Hi everyone. Firstly wow thank you so much all the comments. Thanks for taking the time to write. You've raised so many things that I think about everyday, it's all consuming. There are a few on point comments I want to respond to but I will have to tomorrow as my week has turned out mental.
But for now in the round.
Someone mentioned bonding over chat and someone else the to and fro or receprocity of conversations, this is one of the keys things. It's like talking to a sponge that just absorbs you words. I'm a chatter but certainly not a chatter box, I have my own inner world but I guess I get energy from conversations sometimes. There is no and fro, it's jolted and awkward at times when I see the look in his eyes when I can see that he is scrambling to come up with something, anything that he thinks I'll want to hear. Since I raised this, pretty early in our marriage, he tries, more in the last year from marriage counselling but it doesn't feel authentic at all and there is no flow.

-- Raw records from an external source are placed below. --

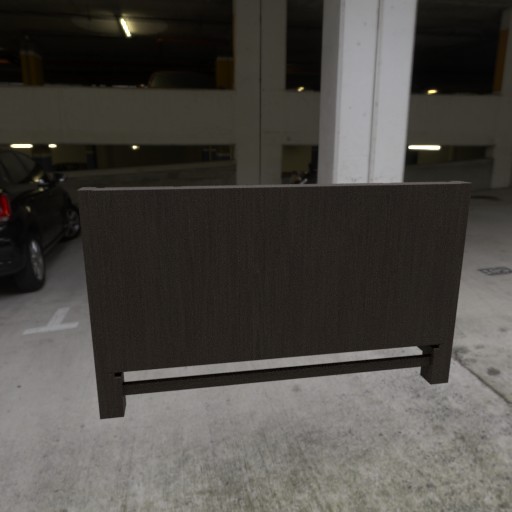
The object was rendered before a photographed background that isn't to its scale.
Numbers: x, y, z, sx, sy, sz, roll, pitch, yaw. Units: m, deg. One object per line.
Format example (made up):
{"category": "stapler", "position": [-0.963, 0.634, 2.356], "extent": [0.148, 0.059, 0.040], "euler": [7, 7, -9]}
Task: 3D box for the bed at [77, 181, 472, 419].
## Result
{"category": "bed", "position": [0.000, 0.000, 3.451], "extent": [2.134, 1.270, 2.012], "euler": [-3, 15, -10]}
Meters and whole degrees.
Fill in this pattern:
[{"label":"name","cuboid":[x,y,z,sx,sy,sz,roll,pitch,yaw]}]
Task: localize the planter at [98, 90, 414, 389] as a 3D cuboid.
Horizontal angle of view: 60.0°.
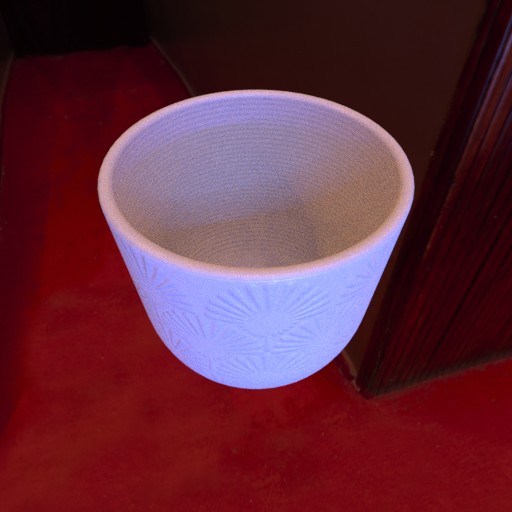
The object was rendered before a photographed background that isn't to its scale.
[{"label":"planter","cuboid":[0.000,0.000,0.298,0.170,0.152,0.170,0,47,0]}]
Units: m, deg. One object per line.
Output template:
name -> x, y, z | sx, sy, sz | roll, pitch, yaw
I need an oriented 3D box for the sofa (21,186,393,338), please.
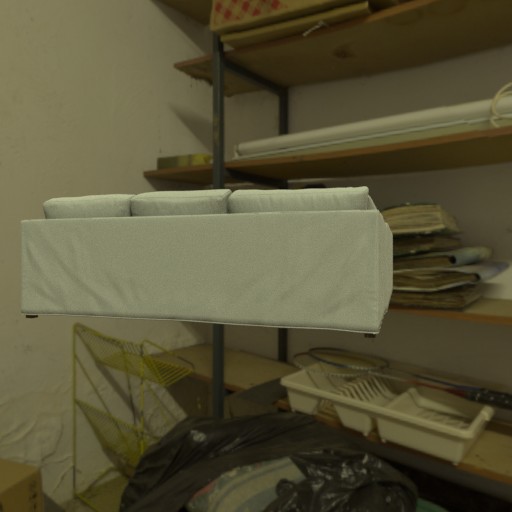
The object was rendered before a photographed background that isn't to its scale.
sofa -> 0.000, 0.000, 4.208 | 2.432, 0.871, 3.182 | 0, 0, 18
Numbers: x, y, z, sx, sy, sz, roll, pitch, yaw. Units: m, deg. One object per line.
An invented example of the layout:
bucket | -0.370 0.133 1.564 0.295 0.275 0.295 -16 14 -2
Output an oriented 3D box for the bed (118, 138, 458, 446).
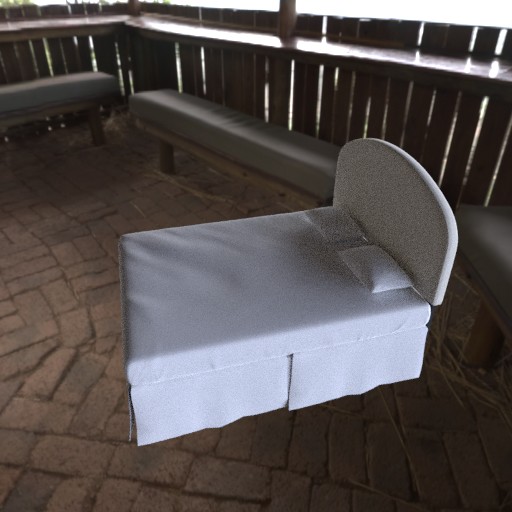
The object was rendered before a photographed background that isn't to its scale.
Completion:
bed | 0.000 0.000 3.135 2.005 1.410 1.607 -8 33 -13
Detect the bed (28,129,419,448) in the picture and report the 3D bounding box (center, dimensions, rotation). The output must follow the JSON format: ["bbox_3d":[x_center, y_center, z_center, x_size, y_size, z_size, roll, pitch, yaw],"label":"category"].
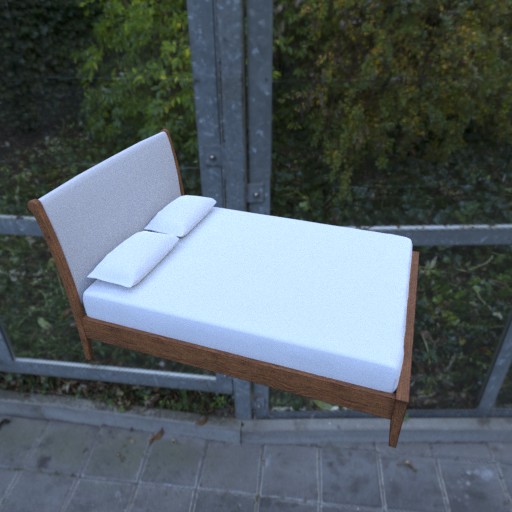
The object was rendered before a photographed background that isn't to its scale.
[{"bbox_3d":[0.000,0.000,2.961,2.108,1.135,1.502,10,33,16],"label":"bed"}]
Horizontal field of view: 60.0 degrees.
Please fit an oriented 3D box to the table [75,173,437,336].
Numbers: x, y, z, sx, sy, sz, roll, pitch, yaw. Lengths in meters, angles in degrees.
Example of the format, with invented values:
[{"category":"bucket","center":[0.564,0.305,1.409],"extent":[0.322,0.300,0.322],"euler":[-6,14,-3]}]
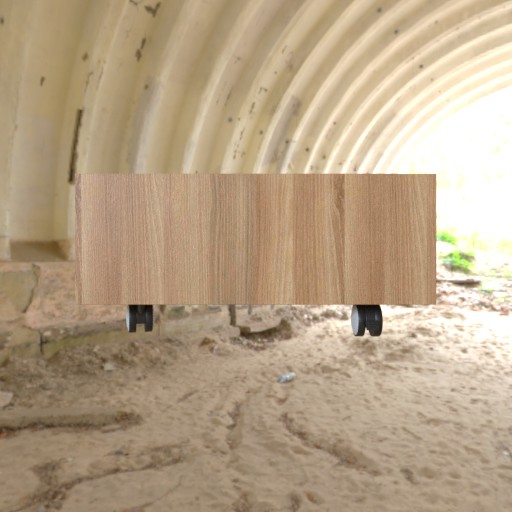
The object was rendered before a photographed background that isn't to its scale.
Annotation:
[{"category":"table","center":[0.000,0.000,1.409],"extent":[0.700,0.330,1.100],"euler":[0,1,0]}]
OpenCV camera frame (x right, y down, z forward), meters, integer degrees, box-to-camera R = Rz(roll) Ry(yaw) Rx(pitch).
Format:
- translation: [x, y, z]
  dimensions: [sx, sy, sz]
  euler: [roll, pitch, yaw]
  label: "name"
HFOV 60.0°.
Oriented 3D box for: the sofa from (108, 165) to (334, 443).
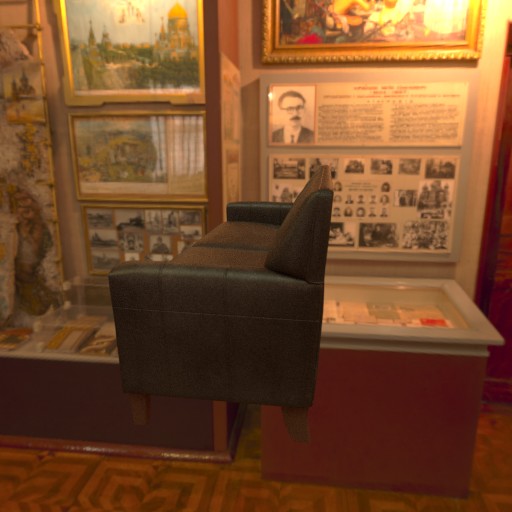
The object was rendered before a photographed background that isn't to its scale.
- translation: [0.000, 0.000, 2.509]
  dimensions: [0.805, 0.947, 2.053]
  euler: [2, 14, 9]
  label: "sofa"
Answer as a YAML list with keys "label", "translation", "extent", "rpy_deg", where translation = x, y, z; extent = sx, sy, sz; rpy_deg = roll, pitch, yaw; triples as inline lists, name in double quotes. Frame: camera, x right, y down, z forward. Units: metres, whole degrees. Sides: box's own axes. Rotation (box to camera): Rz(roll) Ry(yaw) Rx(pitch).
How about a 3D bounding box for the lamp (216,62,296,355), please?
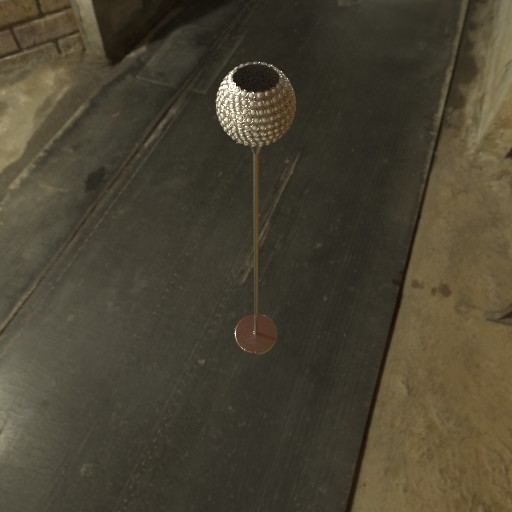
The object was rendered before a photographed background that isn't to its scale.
- label: "lamp"
  translation: [0.000, 0.000, 1.956]
  extent: [0.254, 1.805, 0.254]
  rpy_deg: [0, 58, 0]
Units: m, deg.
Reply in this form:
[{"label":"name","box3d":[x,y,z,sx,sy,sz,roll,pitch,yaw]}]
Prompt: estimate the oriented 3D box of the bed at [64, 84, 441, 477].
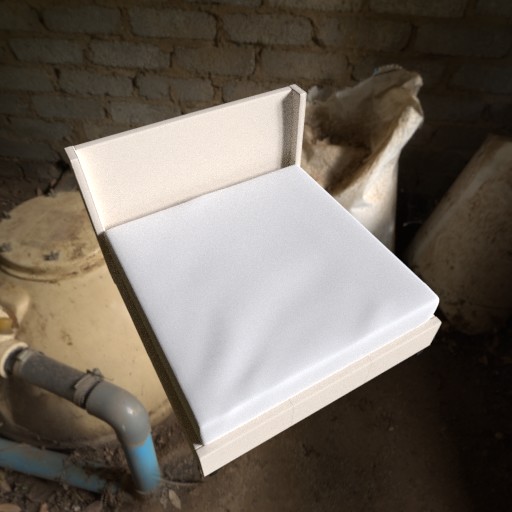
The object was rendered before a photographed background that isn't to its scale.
[{"label":"bed","box3d":[0.000,0.000,3.648,2.145,1.471,2.293,-23,51,-20]}]
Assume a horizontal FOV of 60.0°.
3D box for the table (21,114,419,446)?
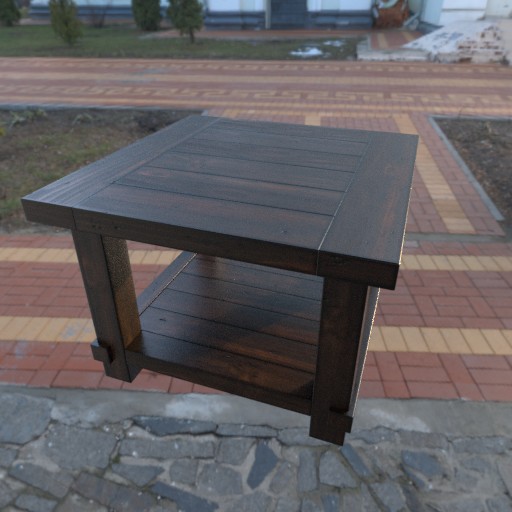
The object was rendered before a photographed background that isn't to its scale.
[{"bbox_3d":[0.000,0.000,0.985,0.593,0.437,0.606,10,32,17],"label":"table"}]
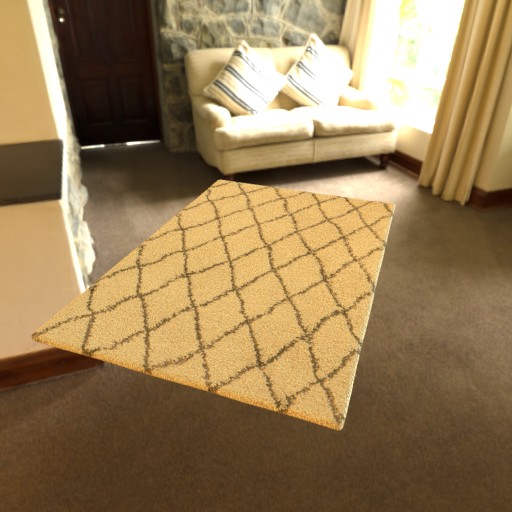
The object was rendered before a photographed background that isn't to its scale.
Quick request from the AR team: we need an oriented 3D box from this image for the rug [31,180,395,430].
[{"bbox_3d":[0.000,0.000,2.257,1.219,0.030,1.778,11,32,17],"label":"rug"}]

Did I notice it before marriage. Sure I knew he wasn't wild and wasn't going to grab the microphone in the middle of a party, but I didn't realize the extent at all. Yes maybe he masked and that got tired. Also marriage there is a best foot forward bells and whistles but I didn't expect it to fade to the extent it has. I do ask him questions but to be honest I've noticed I have started to withdraw either because it is exhausting when it is one sided and or also because he doesn't seem to have anything of substance or sort of anything believable back. Again almost scripted. I initiate everything but I've gotten tired and my sense of hope has seriously dwindled.
He is academically intelligent but has no curiosity at all, doesn't seem to ponder me or anything. Which grates with me because that's was I thrive on. I guess when we married he had the basics and he was happy enough with that.
Someone mentioned that I am perhaps feeling so guilty that I need this from a life partner and that it's breaths life into me. I don't need constant chat or constant laughter but some to keep life going. He has admitted that laughter doesn't appear to be that important to him relative to me. It's always so flat.
Am I guilty? Yes. Racked with guilt. Guilt of making him feel inadequate. Guilt I might abandon him, guilt for wishing there were parts to him that there aren't and of course guilt that I may break up our family. When he is a good father and good hearted man. But it's becoming appearent that there is nothing he can do. He's pretty much admitted it and I can see that it is breaking his heart.
I am finding it so hard to accept that these fundamental basic and gorgeous moments in life won't happen between me in him. That my kids won't grow up in a rich I suppose environment. Surely this will influence their characters in the future. That frightens me.
I frightened that I am not as strong as I think I am and about how I will manage. Sometimes, pretty occasionally in fairness I feel some anger, that I've been cheated.